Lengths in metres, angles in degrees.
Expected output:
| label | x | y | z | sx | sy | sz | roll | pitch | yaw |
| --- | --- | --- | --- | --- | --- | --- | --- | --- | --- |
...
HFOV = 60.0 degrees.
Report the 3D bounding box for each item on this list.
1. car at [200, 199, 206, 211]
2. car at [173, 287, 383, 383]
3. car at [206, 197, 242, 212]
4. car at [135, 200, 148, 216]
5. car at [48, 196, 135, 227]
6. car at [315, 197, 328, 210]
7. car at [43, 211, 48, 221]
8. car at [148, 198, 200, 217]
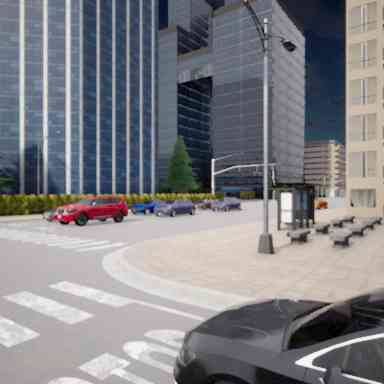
| label | x | y | z | sx | sy | sz | roll | pitch | yaw |
| --- | --- | --- | --- | --- | --- | --- | --- | --- | --- |
| car | 1.700 | 1.590 | 42.501 | 1.812 | 1.442 | 4.674 | 0 | 0 | 36 |
| car | 2.060 | 1.505 | 2.497 | 4.892 | 1.490 | 1.837 | 0 | 0 | 36 |
| car | 4.101 | 1.415 | 39.847 | 2.097 | 1.767 | 4.553 | 0 | 0 | 36 |
| car | -4.128 | 1.542 | 34.397 | 1.882 | 1.535 | 5.008 | 0 | 0 | 36 |
| car | -7.133 | 1.286 | 24.191 | 2.150 | 2.045 | 5.566 | 0 | 0 | 36 |
| car | 16.602 | 1.412 | 44.565 | 2.097 | 1.767 | 4.553 | 0 | 0 | 39 |
| car | -9.554 | 1.591 | 26.806 | 1.812 | 1.442 | 4.674 | 0 | 0 | 36 |
| car | -1.631 | 1.415 | 31.870 | 2.097 | 1.767 | 4.553 | 0 | 0 | 36 |
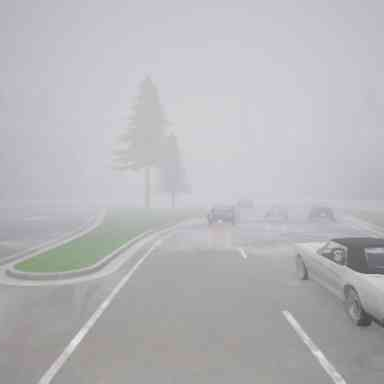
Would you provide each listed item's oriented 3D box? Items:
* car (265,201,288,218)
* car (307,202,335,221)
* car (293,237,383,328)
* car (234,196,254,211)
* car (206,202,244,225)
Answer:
[{"bbox_3d":[7.731,1.539,30.353,1.812,1.442,4.674,0,0,16],"label":"car"},{"bbox_3d":[10.368,1.537,26.936,1.812,1.442,4.674,0,0,16],"label":"car"},{"bbox_3d":[3.642,1.604,6.960,1.895,1.301,4.718,0,0,1],"label":"car"},{"bbox_3d":[6.340,1.372,41.471,2.097,1.767,4.553,0,0,1],"label":"car"},{"bbox_3d":[2.400,1.612,24.028,1.895,1.301,4.718,0,0,14],"label":"car"}]
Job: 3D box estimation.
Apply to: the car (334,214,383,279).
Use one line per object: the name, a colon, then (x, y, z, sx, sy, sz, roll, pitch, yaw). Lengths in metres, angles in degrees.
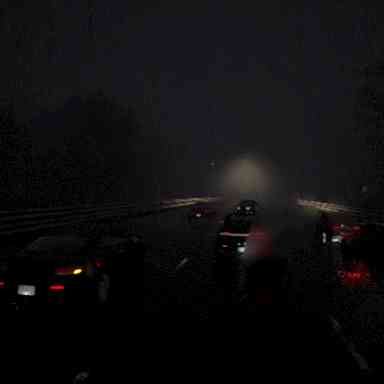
car: (6.073, 1.690, 10.274, 1.812, 1.442, 4.674, 2, 0, 9)

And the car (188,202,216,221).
car: (0.891, 1.550, 26.796, 1.812, 1.442, 4.674, 2, 0, 10)

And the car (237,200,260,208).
car: (5.303, 1.500, 31.276, 2.097, 1.767, 4.553, 2, 0, 11)

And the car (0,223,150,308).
car: (-2.363, 1.459, 7.741, 1.812, 1.442, 4.674, 2, 0, 9)

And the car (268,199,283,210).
car: (12.972, 1.923, 52.032, 2.033, 1.411, 5.357, 2, 0, 12)

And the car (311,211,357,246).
car: (7.051, 1.697, 16.117, 1.837, 1.490, 4.892, 2, 0, 10)

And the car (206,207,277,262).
car: (1.946, 1.542, 12.459, 2.128, 1.511, 4.902, 2, 0, 9)

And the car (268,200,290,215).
car: (10.195, 1.851, 38.576, 1.994, 1.385, 4.181, 2, 0, 13)
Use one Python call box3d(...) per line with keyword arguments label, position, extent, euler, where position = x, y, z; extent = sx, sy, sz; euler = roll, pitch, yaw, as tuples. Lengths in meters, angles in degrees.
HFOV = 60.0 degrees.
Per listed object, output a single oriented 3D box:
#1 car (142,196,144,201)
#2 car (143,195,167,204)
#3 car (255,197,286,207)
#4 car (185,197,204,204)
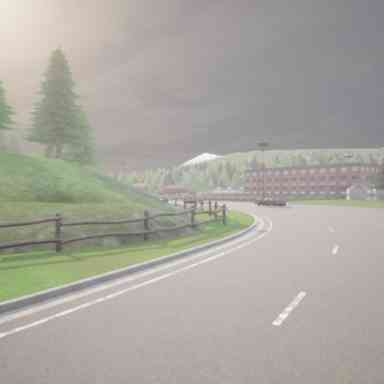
box3d(label="car", position=(-10.263, 1.443, 78.564), extent=(1.882, 1.535, 5.008), euler=(0, 0, -40))
box3d(label="car", position=(-6.813, 1.571, 63.631), extent=(1.895, 1.301, 4.718), euler=(0, 0, -40))
box3d(label="car", position=(11.625, 1.506, 49.604), extent=(2.033, 1.411, 5.357), euler=(0, 0, -27))
box3d(label="car", position=(0.420, 1.529, 60.125), extent=(1.994, 1.385, 4.181), euler=(0, 0, -38))
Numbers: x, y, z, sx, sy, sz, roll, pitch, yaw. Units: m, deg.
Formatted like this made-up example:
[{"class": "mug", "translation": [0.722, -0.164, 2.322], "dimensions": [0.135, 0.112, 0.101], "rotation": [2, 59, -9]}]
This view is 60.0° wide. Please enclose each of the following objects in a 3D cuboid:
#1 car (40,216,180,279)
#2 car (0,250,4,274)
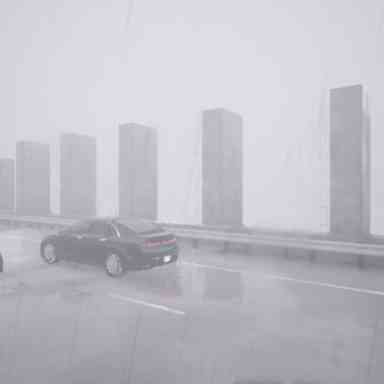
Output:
[{"class": "car", "translation": [-2.631, 1.484, 10.054], "dimensions": [4.892, 1.490, 1.837], "rotation": [0, 0, 35]}, {"class": "car", "translation": [-6.764, 1.540, 8.658], "dimensions": [4.181, 1.385, 1.994], "rotation": [0, 0, 35]}]
--*--
▶ Assignment
The expected result is the complete listing above, printed exactly, with no pictures.

▶ Worked solution
Lengths in metres, angles in degrees.
Expected output:
| label | x | y | z | sx | sy | sz | roll | pitch | yaw |
| --- | --- | --- | --- | --- | --- | --- | --- | --- | --- |
...
HFOV = 60.0 degrees.
Report the 3D bounding box for each item on this list.
1. car at [200, 199, 206, 211]
2. car at [173, 287, 383, 383]
3. car at [206, 197, 242, 212]
4. car at [135, 200, 148, 216]
5. car at [48, 196, 135, 227]
6. car at [315, 197, 328, 210]
7. car at [43, 211, 48, 221]
8. car at [148, 198, 200, 217]
| label | x | y | z | sx | sy | sz | roll | pitch | yaw |
| --- | --- | --- | --- | --- | --- | --- | --- | --- | --- |
| car | 1.700 | 1.590 | 42.501 | 1.812 | 1.442 | 4.674 | 0 | 0 | 36 |
| car | 2.060 | 1.505 | 2.497 | 4.892 | 1.490 | 1.837 | 0 | 0 | 36 |
| car | 4.101 | 1.415 | 39.847 | 2.097 | 1.767 | 4.553 | 0 | 0 | 36 |
| car | -4.128 | 1.542 | 34.397 | 1.882 | 1.535 | 5.008 | 0 | 0 | 36 |
| car | -7.133 | 1.286 | 24.191 | 2.150 | 2.045 | 5.566 | 0 | 0 | 36 |
| car | 16.602 | 1.412 | 44.565 | 2.097 | 1.767 | 4.553 | 0 | 0 | 39 |
| car | -9.554 | 1.591 | 26.806 | 1.812 | 1.442 | 4.674 | 0 | 0 | 36 |
| car | -1.631 | 1.415 | 31.870 | 2.097 | 1.767 | 4.553 | 0 | 0 | 36 |
Would you provide each listed item's oriented 3D box? Items:
* car (265,201,288,218)
* car (307,202,335,221)
* car (293,237,383,328)
* car (234,196,254,211)
* car (206,202,244,225)
Answer:
[{"bbox_3d":[7.731,1.539,30.353,1.812,1.442,4.674,0,0,16],"label":"car"},{"bbox_3d":[10.368,1.537,26.936,1.812,1.442,4.674,0,0,16],"label":"car"},{"bbox_3d":[3.642,1.604,6.960,1.895,1.301,4.718,0,0,1],"label":"car"},{"bbox_3d":[6.340,1.372,41.471,2.097,1.767,4.553,0,0,1],"label":"car"},{"bbox_3d":[2.400,1.612,24.028,1.895,1.301,4.718,0,0,14],"label":"car"}]
Job: 3D box estimation.
Apply to: the car (334,214,383,279).
Use one line per object: the name, a colon, then (x, y, z, sx, sy, sz, roll, pitch, yaw). Lengths in metres, angles in degrees.
car: (6.073, 1.690, 10.274, 1.812, 1.442, 4.674, 2, 0, 9)

And the car (188,202,216,221).
car: (0.891, 1.550, 26.796, 1.812, 1.442, 4.674, 2, 0, 10)

And the car (237,200,260,208).
car: (5.303, 1.500, 31.276, 2.097, 1.767, 4.553, 2, 0, 11)

And the car (0,223,150,308).
car: (-2.363, 1.459, 7.741, 1.812, 1.442, 4.674, 2, 0, 9)

And the car (268,199,283,210).
car: (12.972, 1.923, 52.032, 2.033, 1.411, 5.357, 2, 0, 12)

And the car (311,211,357,246).
car: (7.051, 1.697, 16.117, 1.837, 1.490, 4.892, 2, 0, 10)

And the car (206,207,277,262).
car: (1.946, 1.542, 12.459, 2.128, 1.511, 4.902, 2, 0, 9)

And the car (268,200,290,215).
car: (10.195, 1.851, 38.576, 1.994, 1.385, 4.181, 2, 0, 13)
Use one Python call box3d(...) per line with keyword arguments label, position, extent, euler, where position = x, y, z; extent = sx, sy, sz; euler = roll, pitch, yaw, as tuples. Lengths in meters, angles in degrees.
HFOV = 60.0 degrees.
Per listed object, output a single oriented 3D box:
#1 car (142,196,144,201)
#2 car (143,195,167,204)
#3 car (255,197,286,207)
#4 car (185,197,204,204)
box3d(label="car", position=(-10.263, 1.443, 78.564), extent=(1.882, 1.535, 5.008), euler=(0, 0, -40))
box3d(label="car", position=(-6.813, 1.571, 63.631), extent=(1.895, 1.301, 4.718), euler=(0, 0, -40))
box3d(label="car", position=(11.625, 1.506, 49.604), extent=(2.033, 1.411, 5.357), euler=(0, 0, -27))
box3d(label="car", position=(0.420, 1.529, 60.125), extent=(1.994, 1.385, 4.181), euler=(0, 0, -38))
Numbers: x, y, z, sx, sy, sz, roll, pitch, yaw. Units: m, deg.
Formatted like this made-up example:
[{"class": "mug", "translation": [0.722, -0.164, 2.322], "dimensions": [0.135, 0.112, 0.101], "rotation": [2, 59, -9]}]
This view is 60.0° wide. Please enclose each of the following objects in a 3D cuboid:
#1 car (40,216,180,279)
#2 car (0,250,4,274)
Output:
[{"class": "car", "translation": [-2.631, 1.484, 10.054], "dimensions": [4.892, 1.490, 1.837], "rotation": [0, 0, 35]}, {"class": "car", "translation": [-6.764, 1.540, 8.658], "dimensions": [4.181, 1.385, 1.994], "rotation": [0, 0, 35]}]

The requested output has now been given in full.